8. Early modern humans came out of Eastern Africa at least 70,000 years ago. Apparently, they moved along the coast of the Red Sea and into India, and when from there down into what is now Australia and along the Pacific coast of Asia. In fact, in the Bay of Bengal, you can find the North Sentinel Island, on which live the Sentinelese, one of the world’s last uncontacted tribes. Almost nothing is known of them, and they like it that way. Back in 2018, a far too enthusiastic missionary tried to land on the island to convert the heathen. The Sentinelese responded with a few well placed arrows and sent the missionary on to his reward.

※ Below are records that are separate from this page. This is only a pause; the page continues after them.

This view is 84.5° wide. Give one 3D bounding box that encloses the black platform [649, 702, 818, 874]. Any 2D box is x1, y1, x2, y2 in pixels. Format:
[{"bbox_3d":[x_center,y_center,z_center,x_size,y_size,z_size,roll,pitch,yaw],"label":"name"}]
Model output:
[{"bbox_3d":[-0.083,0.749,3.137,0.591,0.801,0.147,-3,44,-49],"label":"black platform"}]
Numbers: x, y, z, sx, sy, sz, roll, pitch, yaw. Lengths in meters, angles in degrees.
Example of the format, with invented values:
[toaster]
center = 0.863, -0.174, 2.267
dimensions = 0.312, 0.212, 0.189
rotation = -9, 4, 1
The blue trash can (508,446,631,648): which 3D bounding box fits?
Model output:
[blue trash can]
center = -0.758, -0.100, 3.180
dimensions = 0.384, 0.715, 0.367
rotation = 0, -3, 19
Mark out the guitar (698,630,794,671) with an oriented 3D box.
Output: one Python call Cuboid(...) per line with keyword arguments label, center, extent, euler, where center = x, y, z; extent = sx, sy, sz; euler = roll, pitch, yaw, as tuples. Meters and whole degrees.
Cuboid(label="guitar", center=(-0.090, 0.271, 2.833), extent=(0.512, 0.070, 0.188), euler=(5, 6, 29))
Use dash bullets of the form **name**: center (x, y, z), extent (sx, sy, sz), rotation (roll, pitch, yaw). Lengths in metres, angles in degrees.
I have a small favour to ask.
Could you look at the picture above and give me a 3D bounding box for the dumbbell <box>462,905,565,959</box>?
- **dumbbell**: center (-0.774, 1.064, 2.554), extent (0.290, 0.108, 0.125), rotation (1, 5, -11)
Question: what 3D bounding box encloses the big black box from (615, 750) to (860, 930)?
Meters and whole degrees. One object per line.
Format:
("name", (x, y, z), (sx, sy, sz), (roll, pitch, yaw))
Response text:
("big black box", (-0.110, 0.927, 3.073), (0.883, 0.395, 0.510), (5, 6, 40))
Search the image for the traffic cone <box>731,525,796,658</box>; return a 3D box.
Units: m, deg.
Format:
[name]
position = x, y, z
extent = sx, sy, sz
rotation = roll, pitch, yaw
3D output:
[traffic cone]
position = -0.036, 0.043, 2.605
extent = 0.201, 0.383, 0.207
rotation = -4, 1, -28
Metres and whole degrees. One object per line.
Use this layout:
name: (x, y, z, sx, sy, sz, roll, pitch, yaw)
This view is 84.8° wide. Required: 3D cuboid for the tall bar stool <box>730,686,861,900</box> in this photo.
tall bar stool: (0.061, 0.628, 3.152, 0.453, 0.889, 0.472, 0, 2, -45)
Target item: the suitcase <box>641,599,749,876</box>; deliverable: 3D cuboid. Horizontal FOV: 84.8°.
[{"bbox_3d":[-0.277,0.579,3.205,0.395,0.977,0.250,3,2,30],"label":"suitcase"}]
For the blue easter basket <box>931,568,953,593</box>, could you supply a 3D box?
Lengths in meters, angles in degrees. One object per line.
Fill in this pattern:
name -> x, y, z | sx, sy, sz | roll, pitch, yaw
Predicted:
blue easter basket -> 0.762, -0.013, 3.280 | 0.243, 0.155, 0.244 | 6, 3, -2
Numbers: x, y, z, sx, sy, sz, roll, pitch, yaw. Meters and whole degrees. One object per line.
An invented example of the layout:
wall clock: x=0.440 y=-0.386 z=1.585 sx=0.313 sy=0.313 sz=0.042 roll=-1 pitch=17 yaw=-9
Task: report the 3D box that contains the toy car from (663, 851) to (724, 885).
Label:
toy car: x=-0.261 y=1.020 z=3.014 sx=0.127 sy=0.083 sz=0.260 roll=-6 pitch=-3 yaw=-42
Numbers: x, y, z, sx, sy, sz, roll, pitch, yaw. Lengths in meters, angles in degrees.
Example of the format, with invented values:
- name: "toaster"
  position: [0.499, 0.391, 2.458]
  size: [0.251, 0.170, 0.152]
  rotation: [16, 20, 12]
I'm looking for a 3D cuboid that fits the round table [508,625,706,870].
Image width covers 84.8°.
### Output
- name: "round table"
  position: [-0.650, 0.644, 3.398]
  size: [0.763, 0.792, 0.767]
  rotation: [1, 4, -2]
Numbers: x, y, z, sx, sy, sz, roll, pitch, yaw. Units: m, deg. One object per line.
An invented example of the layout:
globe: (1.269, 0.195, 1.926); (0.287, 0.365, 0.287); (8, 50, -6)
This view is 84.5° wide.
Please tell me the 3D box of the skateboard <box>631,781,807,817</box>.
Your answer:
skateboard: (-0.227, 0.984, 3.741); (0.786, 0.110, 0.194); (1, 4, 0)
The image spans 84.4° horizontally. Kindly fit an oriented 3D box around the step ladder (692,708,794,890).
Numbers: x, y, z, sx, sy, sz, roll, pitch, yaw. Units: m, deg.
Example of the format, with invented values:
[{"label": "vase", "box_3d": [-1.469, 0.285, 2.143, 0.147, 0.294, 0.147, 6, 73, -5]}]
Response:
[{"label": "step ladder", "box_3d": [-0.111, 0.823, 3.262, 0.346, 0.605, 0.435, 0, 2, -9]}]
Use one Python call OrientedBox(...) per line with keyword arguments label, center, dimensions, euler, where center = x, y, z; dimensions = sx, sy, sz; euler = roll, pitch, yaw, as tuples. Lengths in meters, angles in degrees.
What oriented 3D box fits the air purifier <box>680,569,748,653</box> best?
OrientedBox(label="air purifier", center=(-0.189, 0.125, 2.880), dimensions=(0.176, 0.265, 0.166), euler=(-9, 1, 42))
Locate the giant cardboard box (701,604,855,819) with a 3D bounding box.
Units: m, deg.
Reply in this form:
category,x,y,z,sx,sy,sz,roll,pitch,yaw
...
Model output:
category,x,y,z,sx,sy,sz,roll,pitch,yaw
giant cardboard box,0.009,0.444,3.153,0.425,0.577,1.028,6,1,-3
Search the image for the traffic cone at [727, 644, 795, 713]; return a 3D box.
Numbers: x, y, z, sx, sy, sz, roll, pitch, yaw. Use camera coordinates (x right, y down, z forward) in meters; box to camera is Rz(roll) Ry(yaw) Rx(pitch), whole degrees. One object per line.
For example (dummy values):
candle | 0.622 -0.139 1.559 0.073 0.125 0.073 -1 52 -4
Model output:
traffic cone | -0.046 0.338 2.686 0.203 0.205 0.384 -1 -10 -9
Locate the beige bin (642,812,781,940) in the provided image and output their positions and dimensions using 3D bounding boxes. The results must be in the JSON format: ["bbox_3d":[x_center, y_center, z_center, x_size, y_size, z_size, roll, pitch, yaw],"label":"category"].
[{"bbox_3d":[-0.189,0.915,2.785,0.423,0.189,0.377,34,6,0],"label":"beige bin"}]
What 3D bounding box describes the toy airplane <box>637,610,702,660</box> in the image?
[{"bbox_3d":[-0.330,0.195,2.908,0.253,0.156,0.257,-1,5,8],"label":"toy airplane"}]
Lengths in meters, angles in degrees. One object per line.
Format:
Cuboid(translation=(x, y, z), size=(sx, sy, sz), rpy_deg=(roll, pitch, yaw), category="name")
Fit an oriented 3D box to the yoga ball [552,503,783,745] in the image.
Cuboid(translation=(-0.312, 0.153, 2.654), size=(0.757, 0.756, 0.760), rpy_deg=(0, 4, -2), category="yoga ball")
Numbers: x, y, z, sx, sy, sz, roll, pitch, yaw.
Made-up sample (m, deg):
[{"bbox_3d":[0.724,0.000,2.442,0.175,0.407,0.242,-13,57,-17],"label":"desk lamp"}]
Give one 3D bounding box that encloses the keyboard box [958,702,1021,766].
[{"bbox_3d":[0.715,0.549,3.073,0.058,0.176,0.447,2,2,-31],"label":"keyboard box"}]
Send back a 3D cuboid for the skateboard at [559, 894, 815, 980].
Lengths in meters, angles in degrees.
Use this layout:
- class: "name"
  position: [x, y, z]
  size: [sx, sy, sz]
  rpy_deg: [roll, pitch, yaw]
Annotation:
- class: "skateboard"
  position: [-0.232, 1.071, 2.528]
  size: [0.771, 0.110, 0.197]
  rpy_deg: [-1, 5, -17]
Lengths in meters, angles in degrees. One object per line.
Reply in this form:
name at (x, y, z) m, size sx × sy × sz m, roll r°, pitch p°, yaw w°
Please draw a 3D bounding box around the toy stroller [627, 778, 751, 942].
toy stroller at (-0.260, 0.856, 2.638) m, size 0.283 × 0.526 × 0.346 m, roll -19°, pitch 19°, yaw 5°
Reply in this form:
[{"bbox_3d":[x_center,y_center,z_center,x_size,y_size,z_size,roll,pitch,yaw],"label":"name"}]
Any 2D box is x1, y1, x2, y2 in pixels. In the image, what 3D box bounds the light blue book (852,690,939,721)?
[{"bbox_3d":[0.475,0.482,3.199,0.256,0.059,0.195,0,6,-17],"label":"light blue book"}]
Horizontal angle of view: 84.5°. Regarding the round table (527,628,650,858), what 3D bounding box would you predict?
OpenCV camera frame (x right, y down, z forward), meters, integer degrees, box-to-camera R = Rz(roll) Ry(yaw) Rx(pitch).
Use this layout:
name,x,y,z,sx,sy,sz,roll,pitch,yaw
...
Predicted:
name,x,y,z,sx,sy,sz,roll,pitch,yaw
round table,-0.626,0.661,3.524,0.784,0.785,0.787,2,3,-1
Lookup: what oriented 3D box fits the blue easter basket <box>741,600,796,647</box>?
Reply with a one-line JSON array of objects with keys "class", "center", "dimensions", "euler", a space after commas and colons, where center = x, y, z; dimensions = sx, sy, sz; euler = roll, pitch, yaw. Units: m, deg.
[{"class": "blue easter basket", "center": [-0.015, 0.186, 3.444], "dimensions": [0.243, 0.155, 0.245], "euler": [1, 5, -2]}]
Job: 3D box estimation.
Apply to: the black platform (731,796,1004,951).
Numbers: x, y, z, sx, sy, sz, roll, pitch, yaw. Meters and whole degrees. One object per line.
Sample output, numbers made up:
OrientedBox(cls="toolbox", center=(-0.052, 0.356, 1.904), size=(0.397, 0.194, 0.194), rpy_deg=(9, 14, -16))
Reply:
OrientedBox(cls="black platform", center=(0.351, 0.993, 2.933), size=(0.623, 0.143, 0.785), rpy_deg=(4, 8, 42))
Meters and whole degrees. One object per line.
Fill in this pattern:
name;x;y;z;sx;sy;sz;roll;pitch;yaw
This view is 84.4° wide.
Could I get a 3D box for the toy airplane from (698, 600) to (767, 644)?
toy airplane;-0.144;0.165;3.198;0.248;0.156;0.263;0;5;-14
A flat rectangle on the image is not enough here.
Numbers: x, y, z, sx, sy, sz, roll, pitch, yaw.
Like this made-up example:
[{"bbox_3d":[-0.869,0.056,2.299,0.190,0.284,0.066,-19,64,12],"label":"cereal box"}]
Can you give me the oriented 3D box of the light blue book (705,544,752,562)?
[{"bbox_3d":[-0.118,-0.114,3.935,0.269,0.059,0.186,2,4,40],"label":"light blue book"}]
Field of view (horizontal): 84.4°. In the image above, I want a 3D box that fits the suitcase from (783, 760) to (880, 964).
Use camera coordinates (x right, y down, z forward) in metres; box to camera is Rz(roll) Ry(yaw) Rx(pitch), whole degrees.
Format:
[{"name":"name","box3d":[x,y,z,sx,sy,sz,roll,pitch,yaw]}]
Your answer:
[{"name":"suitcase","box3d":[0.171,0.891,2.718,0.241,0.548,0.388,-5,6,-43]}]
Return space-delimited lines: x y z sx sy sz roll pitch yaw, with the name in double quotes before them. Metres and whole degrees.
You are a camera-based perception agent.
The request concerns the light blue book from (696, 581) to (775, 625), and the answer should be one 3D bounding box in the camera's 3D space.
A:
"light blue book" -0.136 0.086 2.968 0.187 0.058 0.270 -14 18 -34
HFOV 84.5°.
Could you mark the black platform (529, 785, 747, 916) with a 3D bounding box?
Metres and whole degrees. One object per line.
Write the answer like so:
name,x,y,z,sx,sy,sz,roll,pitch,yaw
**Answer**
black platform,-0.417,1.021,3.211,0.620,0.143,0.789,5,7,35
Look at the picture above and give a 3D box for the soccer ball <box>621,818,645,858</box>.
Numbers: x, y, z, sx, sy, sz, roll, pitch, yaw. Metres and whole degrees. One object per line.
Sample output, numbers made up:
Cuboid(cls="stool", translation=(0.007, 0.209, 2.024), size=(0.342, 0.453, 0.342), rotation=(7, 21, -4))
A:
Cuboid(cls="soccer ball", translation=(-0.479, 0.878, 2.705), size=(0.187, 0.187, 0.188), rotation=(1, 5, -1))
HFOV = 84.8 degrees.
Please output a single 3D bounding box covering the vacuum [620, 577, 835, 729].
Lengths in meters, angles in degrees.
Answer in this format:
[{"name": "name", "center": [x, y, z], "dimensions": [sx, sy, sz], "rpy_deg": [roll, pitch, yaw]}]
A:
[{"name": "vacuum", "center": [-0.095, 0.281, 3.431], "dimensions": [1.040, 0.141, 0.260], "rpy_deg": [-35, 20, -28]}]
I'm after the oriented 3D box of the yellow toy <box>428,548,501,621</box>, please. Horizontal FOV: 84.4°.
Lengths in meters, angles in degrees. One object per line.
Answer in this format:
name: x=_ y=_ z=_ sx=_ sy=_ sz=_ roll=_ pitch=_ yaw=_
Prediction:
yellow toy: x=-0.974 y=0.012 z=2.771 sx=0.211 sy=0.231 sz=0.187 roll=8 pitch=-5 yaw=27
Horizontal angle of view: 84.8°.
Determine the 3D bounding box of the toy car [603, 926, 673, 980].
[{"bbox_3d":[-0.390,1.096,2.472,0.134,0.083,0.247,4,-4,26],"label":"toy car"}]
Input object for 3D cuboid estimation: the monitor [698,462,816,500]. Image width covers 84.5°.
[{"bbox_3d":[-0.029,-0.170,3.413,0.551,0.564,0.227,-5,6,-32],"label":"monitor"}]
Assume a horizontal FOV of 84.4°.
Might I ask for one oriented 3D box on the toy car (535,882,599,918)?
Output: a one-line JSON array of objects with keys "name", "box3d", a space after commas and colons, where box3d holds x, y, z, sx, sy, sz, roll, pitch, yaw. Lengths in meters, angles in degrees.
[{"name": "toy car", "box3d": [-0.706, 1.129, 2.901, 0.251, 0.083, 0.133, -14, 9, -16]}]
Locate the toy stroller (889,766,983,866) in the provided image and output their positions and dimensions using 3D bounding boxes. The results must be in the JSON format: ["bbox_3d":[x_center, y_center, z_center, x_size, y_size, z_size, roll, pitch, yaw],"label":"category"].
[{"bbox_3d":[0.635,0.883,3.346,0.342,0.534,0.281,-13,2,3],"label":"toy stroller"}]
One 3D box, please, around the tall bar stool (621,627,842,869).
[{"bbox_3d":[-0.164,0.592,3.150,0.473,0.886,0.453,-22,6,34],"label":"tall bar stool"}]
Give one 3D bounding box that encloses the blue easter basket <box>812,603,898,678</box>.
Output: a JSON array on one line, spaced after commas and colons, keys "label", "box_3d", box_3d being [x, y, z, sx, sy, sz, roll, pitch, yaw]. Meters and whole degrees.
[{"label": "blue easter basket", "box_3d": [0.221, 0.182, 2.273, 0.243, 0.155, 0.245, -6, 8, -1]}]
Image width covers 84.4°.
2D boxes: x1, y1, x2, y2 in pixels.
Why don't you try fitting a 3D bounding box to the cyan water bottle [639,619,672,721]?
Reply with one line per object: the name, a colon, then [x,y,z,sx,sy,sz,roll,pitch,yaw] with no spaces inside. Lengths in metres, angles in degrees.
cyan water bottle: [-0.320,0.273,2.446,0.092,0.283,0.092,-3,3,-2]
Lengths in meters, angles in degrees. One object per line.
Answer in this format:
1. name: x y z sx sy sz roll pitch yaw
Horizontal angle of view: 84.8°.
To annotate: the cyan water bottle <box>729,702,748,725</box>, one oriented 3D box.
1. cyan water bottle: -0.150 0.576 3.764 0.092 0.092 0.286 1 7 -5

Anyway, the Sentinelese seem to be directly descended from that very, very early wave of humans coming out of African and in the larger world. If you want to see what those pioneers looked like, look at the Sentinelese. For more on them, see their wikipedia entry, here: https://en.wikipedia.org/wiki/Sentinelese. For their origins in the original migration out of Africa, see this interesting article, “The most isolated tribe in the world?,” https://www.survivalinternational.org/about/mostisolated


Meanwhile, modern humans seem to have moved into Europe a bit after that, about 45,000 years ago, via the Balkans. In Europe, they met up with our close kin, the Neanderthals, who vanished not long after. The question has always been whether this transition was peaceful or otherwise. The fact that so many of us have Neanderthal genes makes me suspect that we made less war and more love.


9. I’m told that there have long been efforts to link Japanese and Finnish, particularly back in the days when academics were trying to shoehorn everything they could find into Ural-Altaic. In fact, it seems that the two languages sound a lot of alike. Alas, modern opinion is that’s accident. Japanese remains in its own language family, Japonic, which seems to have emerged in what is now central Korea before immigrating to Japan.